= Mount Lawley District Cricket Club =

Mount Lawley District Cricket Club is a semi-professional cricket club which plays in Western Australian Grade Cricket competition which is now referred as Western Australian Premier Cricket. The club joined the Western Australian Cricket Association "A" grade district competition as the Maylands-Mount Lawley Cricket Club in 1924-25 after having applied for entry two years earlier. The name was changed to Mount Lawley Cricket Club in 1927–28.

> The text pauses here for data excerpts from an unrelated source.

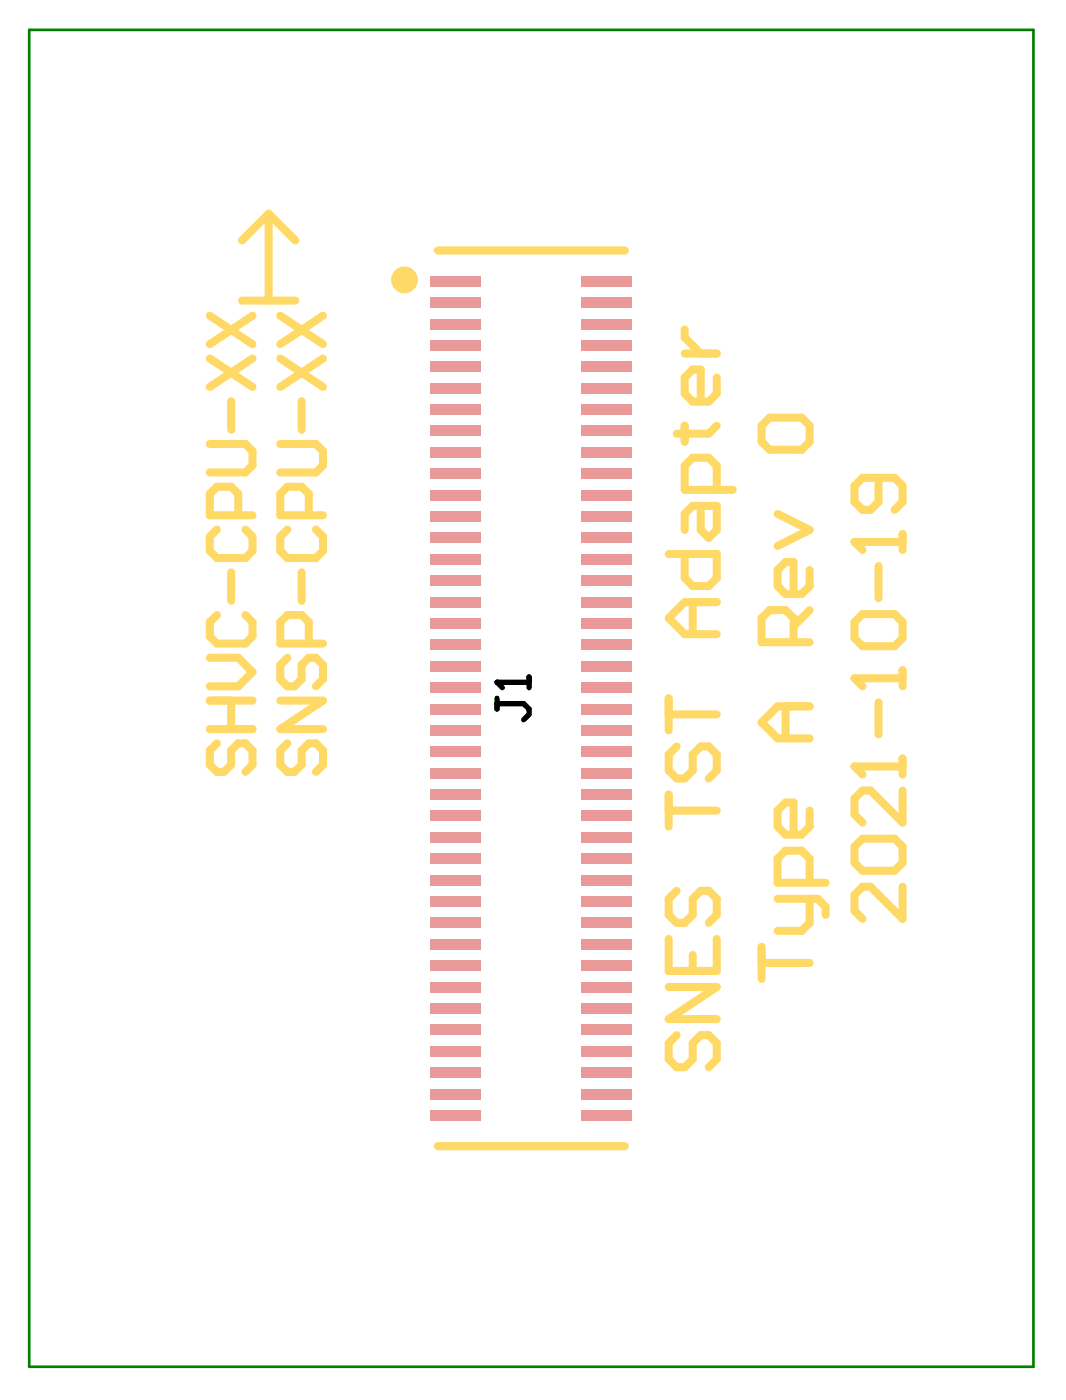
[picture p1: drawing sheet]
<svg xmlns="http://www.w3.org/2000/svg" width="66mm" height="87mm" viewBox="0 0 66 87" stroke-linecap="round" stroke-linejoin="round" font-family="sans-serif">
<g fill="#ea9999">
<path d="M26.8 18.5h3.1v.7h-3.1z" fill-rule="evenodd"/>
<path d="M36.2 17.2h3.1v.6h-3.1z" fill-rule="evenodd"/>
<path d="M36.2 18.5h3.1v.7h-3.1z" fill-rule="evenodd"/>
<path d="M26.8 17.2h3.1v.6h-3.1z" fill-rule="evenodd"/>
<path d="M36.2 19.8h3.1v.7h-3.1z" fill-rule="evenodd"/>
<path d="M26.8 19.8h3.1v.7h-3.1z" fill-rule="evenodd"/>
<path d="M36.2 21.2h3.1v.6h-3.1z" fill-rule="evenodd"/>
<path d="M26.8 21.2h3.1v.6h-3.1z" fill-rule="evenodd"/>
<path d="M36.2 22.5h3.1v.7h-3.1z" fill-rule="evenodd"/>
<path d="M26.8 22.5h3.1v.7h-3.1z" fill-rule="evenodd"/>
<path d="M26.8 27.8h3.1v.7h-3.1z" fill-rule="evenodd"/>
<path d="M36.2 27.8h3.1v.7h-3.1z" fill-rule="evenodd"/>
<path d="M26.8 26.5h3.1v.7h-3.1z" fill-rule="evenodd"/>
<path d="M36.2 26.5h3.1v.7h-3.1z" fill-rule="evenodd"/>
<path d="M26.8 25.2h3.1v.6h-3.1z" fill-rule="evenodd"/>
<path d="M36.2 25.2h3.1v.6h-3.1z" fill-rule="evenodd"/>
<path d="M36.2 23.8h3.1v.7h-3.1z" fill-rule="evenodd"/>
<path d="M26.8 23.8h3.1v.7h-3.1z" fill-rule="evenodd"/>
<path d="M26.8 33.1h3.1v.7h-3.1z" fill-rule="evenodd"/>
<path d="M36.2 33.1h3.1v.7h-3.1z" fill-rule="evenodd"/>
<path d="M26.8 31.8h3.1v.7h-3.1z" fill-rule="evenodd"/>
<path d="M36.2 31.8h3.1v.7h-3.1z" fill-rule="evenodd"/>
<path d="M26.8 30.5h3.1v.7h-3.1z" fill-rule="evenodd"/>
<path d="M36.2 30.5h3.1v.7h-3.1z" fill-rule="evenodd"/>
<path d="M36.2 29.2h3.1v.6h-3.1z" fill-rule="evenodd"/>
<path d="M26.8 29.2h3.1v.6h-3.1z" fill-rule="evenodd"/>
<path d="M26.8 38.5h3.1v.6h-3.1z" fill-rule="evenodd"/>
<path d="M36.2 38.5h3.1v.6h-3.1z" fill-rule="evenodd"/>
<path d="M26.8 37.1h3.1v.7h-3.1z" fill-rule="evenodd"/>
<path d="M36.2 37.1h3.1v.7h-3.1z" fill-rule="evenodd"/>
<path d="M26.8 35.8h3.1v.7h-3.1z" fill-rule="evenodd"/>
<path d="M36.2 35.8h3.1v.7h-3.1z" fill-rule="evenodd"/>
<path d="M36.2 34.5h3.1v.6h-3.1z" fill-rule="evenodd"/>
<path d="M26.8 34.5h3.1v.6h-3.1z" fill-rule="evenodd"/>
<path d="M26.8 43.8h3.1v.7h-3.1z" fill-rule="evenodd"/>
<path d="M36.2 43.8h3.1v.7h-3.1z" fill-rule="evenodd"/>
<path d="M26.8 42.5h3.1v.6h-3.1z" fill-rule="evenodd"/>
<path d="M36.2 42.5h3.1v.6h-3.1z" fill-rule="evenodd"/>
<path d="M26.8 41.1h3.1v.7h-3.1z" fill-rule="evenodd"/>
<path d="M36.2 41.1h3.1v.7h-3.1z" fill-rule="evenodd"/>
<path d="M36.2 39.8h3.1v.7h-3.1z" fill-rule="evenodd"/>
<path d="M26.8 39.8h3.1v.7h-3.1z" fill-rule="evenodd"/>
<path d="M26.8 49.1h3.1v.7h-3.1z" fill-rule="evenodd"/>
<path d="M36.2 49.1h3.1v.7h-3.1z" fill-rule="evenodd"/>
<path d="M26.8 47.8h3.1v.7h-3.1z" fill-rule="evenodd"/>
<path d="M36.2 47.8h3.1v.7h-3.1z" fill-rule="evenodd"/>
<path d="M26.8 46.5h3.1v.6h-3.1z" fill-rule="evenodd"/>
<path d="M36.2 46.5h3.1v.6h-3.1z" fill-rule="evenodd"/>
<path d="M36.2 45.1h3.1v.7h-3.1z" fill-rule="evenodd"/>
<path d="M26.8 45.1h3.1v.7h-3.1z" fill-rule="evenodd"/>
<path d="M26.8 54.4h3.1v.7h-3.1z" fill-rule="evenodd"/>
<path d="M36.2 54.4h3.1v.7h-3.1z" fill-rule="evenodd"/>
<path d="M26.8 53.1h3.1v.7h-3.1z" fill-rule="evenodd"/>
<path d="M36.2 53.1h3.1v.7h-3.1z" fill-rule="evenodd"/>
<path d="M26.8 51.8h3.1v.7h-3.1z" fill-rule="evenodd"/>
<path d="M36.2 51.8h3.1v.7h-3.1z" fill-rule="evenodd"/>
<path d="M36.2 50.5h3.1v.6h-3.1z" fill-rule="evenodd"/>
<path d="M26.8 50.5h3.1v.6h-3.1z" fill-rule="evenodd"/>
<path d="M26.8 59.8h3.1v.6h-3.1z" fill-rule="evenodd"/>
<path d="M36.2 59.8h3.1v.6h-3.1z" fill-rule="evenodd"/>
<path d="M26.8 58.4h3.1v.7h-3.1z" fill-rule="evenodd"/>
<path d="M36.2 58.4h3.1v.7h-3.1z" fill-rule="evenodd"/>
<path d="M26.8 57.1h3.1v.7h-3.1z" fill-rule="evenodd"/>
<path d="M36.2 57.1h3.1v.7h-3.1z" fill-rule="evenodd"/>
<path d="M36.2 55.8h3.1v.6h-3.1z" fill-rule="evenodd"/>
<path d="M26.8 55.8h3.1v.6h-3.1z" fill-rule="evenodd"/>
<path d="M26.8 65.1h3.1v.7h-3.1z" fill-rule="evenodd"/>
<path d="M26.8 66.4h3.1v.7h-3.1z" fill-rule="evenodd"/>
<path d="M26.8 67.8h3.1v.6h-3.1z" fill-rule="evenodd"/>
<path d="M26.8 69.1h3.1v.7h-3.1z" fill-rule="evenodd"/>
<path d="M26.8 61.1h3.1v.7h-3.1z" fill-rule="evenodd"/>
<path d="M26.8 62.4h3.1v.7h-3.1z" fill-rule="evenodd"/>
<path d="M26.8 63.8h3.1v.6h-3.1z" fill-rule="evenodd"/>
<path d="M36.2 65.1h3.1v.7h-3.1z" fill-rule="evenodd"/>
<path d="M36.2 66.4h3.1v.7h-3.1z" fill-rule="evenodd"/>
<path d="M36.2 67.8h3.1v.6h-3.1z" fill-rule="evenodd"/>
<path d="M36.2 69.1h3.1v.7h-3.1z" fill-rule="evenodd"/>
<path d="M36.2 61.1h3.1v.7h-3.1z" fill-rule="evenodd"/>
<path d="M36.2 62.4h3.1v.7h-3.1z" fill-rule="evenodd"/>
<path d="M36.2 63.8h3.1v.6h-3.1z" fill-rule="evenodd"/>
</g>
<path d="M27.2 15.6h11.7M27.2 71.3h11.7" fill="none" stroke="#ffd966" stroke-width=".51"/>
<g fill="none" stroke="#ffd966" stroke-width=".5">
<path d="M13.1 19.6l2.6 1.8M15.1 18.7h3.3M15.7 19.6l-2.6 1.8M16.7 13.3l-1.6 1.7M16.7 13.3v5.4M16.7 13.3l1.7 1.7M17.4 19.6l2.7 1.8M20.1 19.6l-2.7 1.8M13.1 27.6h2.2l.4 .5v.9l-.4 .4h-2.2M13.1 22.3l2.6 1.8M13.5 33l-.4 .4v.9l.4 .4h1.8l.4-.4v-.9l-.4-.4M13.5 38.3l-.4 .4v.9l.4 .5h1.8l.4-.5v-.9l-.4-.4"/>
<path d="M14.4 25v1.7M14.4 35.6v1.8M14.8 32.1v-1.4l-.4-.4h-.9l-.4 .4v1.4h2.6M15.7 22.3l-2.6 1.8M17.4 27.6h2.3l.4 .5v.9l-.4 .4h-2.3M17.4 22.3l2.7 1.8M17.9 33l-.5 .4v.9l.5 .4h1.8l.4-.4v-.9l-.4-.4M18.8 25v1.7M18.8 35.6v1.8M19.2 32.1v-1.4l-.4-.4h-.9l-.5 .4v1.4h2.7M20.1 22.3l-2.7 1.8M41.6 34.5h3v1.5l-.5 .5h-1l-.5-.5v-1.5"/>
<path d="M42.6 20.5v.5l1 1M42.6 26.5v1M42.6 22h2M43.1 37.5v2M43.6 31.5v1.5l.5 .5 .5-.5v-1.5h-1.5l-.5 .5v1M44.6 23.5v1l-.5 .5h-1l-.5-.5v-1l.5-.5h.5v2M44.6 30.5v-1.5l-.5-.5h-1l-.5 .5v1.5h3M44.6 37.5h-2l-1 1 1 1h2M44.6 26.5l-.5 .5h-2M47.9 26h2l.5 .5v1l-.5 .5h-2l-.5-.5v-1zM48.4 32l2 1-2 1M49.4 40v-1.5l-.5-.5h-1l-.5 .5v1.5h3"/>
<path d="M50.4 35.5v1l-.5 .5h-1l-.5-.5v-1l.5-.5h.5v2M50.4 38l-1 1M13.1 45.4h2.6M13.1 43.6h2.6M13.1 40.9h1.7l.9 .9-.9 .9h-1.7M13.5 46.3l-.4 .4v.9l.4 .4h.4l.5-.4v-.9l.4-.4h.5l.4 .4v.9l-.4 .4M14.4 43.6v1.8M17.4 43.6h2.7l-2.7 1.8h2.7M17.9 46.3l-.5 .4v.9l.5 .4h.4l.5-.4v-.9l.4-.4h.5l.4 .4v.9l-.4 .4M17.9 40.9l-.5 .5v.9l.5 .4h.4l.5-.4v-.9l.4-.5h.5l.4 .5v.9l-.4 .4M19.2 40.1v-1.4l-.4-.4h-.9l-.5 .4v1.4h2.7M41.6 43.5v2"/>
<path d="M41.6 49.5v1.9M41.6 58.4v2h3v-2M41.6 50.5h3M41.6 44.5h3M42.1 46.5l-.5 .5v1l.5 .5h.5l.5-.5v-1l.5-.5h.5l.5 .5v1l-.5 .5M42.1 55.4l-.5 .5v1l.5 .5h.5l.5-.5v-1l.5-.5h.5l.5 .5v1l-.5 .5M43.1 59.4v1M47.4 58.9v2M47.4 59.9h3M48.4 55.9h2.5l.5 .5v.5M48.9 44v2M50.4 55.9v1.5l-.5 .5h-1.5"/>
<path d="M50.4 50.5v.9l-.5 .5h-1l-.5-.5v-.9l.5-.5h.5v1.9M50.4 54.9v-1.5l-.5-.5h-1l-.5 .5v1.5h3M50.4 44h-2l-1 1 1 1h2M53.2 47.7h3M53.7 52.2h2l.5 .5v1l-.5 .5h-2l-.5-.5v-1zM56.2 47.2v1M56.2 49.2v2l-2-2h-.5l-.5 .5v1l.5 .5M56.2 55.2v2l-2-2h-.5l-.5 .5v1l.5 .5M41.6 61.4h3l-3 2h3M42.1 64.4l-.5 .5v1l.5 .5h.5l.5-.5v-1l.5-.5h.5l.5 .5v1l-.5 .5"/>
</g>
<circle cx="53.2" cy="47.7" r=".25" fill="#ffd966"/>
<path d="M53.2 47.7l.5 .5M53.2 42.2h3M54.7 43.7v2M56.2 41.7v1" fill="none" stroke="#ffd966" stroke-width=".5"/>
<circle cx="53.2" cy="42.2" r=".25" fill="#ffd966"/>
<path d="M53.2 33.7h3M53.7 38.2h2l.5 .5v1l-.5 .5h-2l-.5-.5v-1zM54.7 35.2v2M56.2 33.2v1M53.2 42.2l.5 .5" fill="none" stroke="#ffd966" stroke-width=".5"/>
<circle cx="53.2" cy="33.7" r=".25" fill="#ffd966"/>
<path d="M53.2 33.7l.5 .5M54.7 29.7v1.5l-.5 .5h-.5l-.5-.5v-1l.5-.5h2l.5 .5v1l-.5 .5" fill="none" stroke="#ffd966" stroke-width=".5"/>
<circle cx="25.2" cy="17.4" r=".42" fill="none" stroke="#ffd966" stroke-width=".83"/>
<path d="M1.8 1.9h62.5v83.2h-62.5z" fill="none" stroke="#008000" stroke-width=".17"/>
<path d="M30.9 43.5v.6M30.9 43.8h1.7l.3 .3v.4l-.3 .3M32.9 42.1v.7M32.9 42.5h-2l.4 .3" fill="none" stroke="#000" stroke-width=".33"/>
<circle cx="30.9" cy="42.5" r=".17" fill="#000"/>
</svg>

The club's first home ground was Maylands Oval, which later became known as Shearn Park. This was granted in 1923. In 1947-48 senior matches moved to Inglewood Oval, then in October 1978 to Cornwall Reserve in Dianella. In 1982-83 the ground was renamed Breckler Park.

==Current A grade squad==

Current A grade team is captained by former Sussex and Glamorgan first class cricketer Stewart Walters and include players like Clint Hinchliffe who now represents Melbourne stars in Big Bash league and formerly represented Perth scorchers and Western Australia in first class cricket. All rounder Darius D'Silva represents United Arab Emirates in International Cricket where he debuted in ODI and T20I formats recently.Veteran Chris Prescott and Braydon Thompson adds experience in pace department while spinner Mohamed Ijaz, a former Sri Lanka under 19 representative is also part of the squad. Opening Batsman Corey Evans has represented the State in under age cricket. Other squad members include pace bowling all rounder Liam Purdy, wicket keeper batsman Andrew Bottega, middle order batsmen Oliver Mouchemore, Ethan Petta and Nic Marciano. Head coach of the club is David Virgo.

==Notable players==
Chris Matthews was the first homegrown Mount Lawley player to join the Australian team. Other notable Mount Lawley players who played international cricket include Ashley Mallett, Terry Jenner, Tony Mann, Colin Milburn, Geoff Marsh, Dermot Reeve, Ravi Ratnayeke, Mike Veletta, Michael Klinger, Dean Brownlie, and Chris Jordan, Even though John McGuire hasn’t played international cricket, he was considered to be one of the best batsman of his generation and scored over 10000 first grade runs and holds several of the batting records of Mount Lawley. Other notable first class cricketers include Paul Davis and Tom Beaton.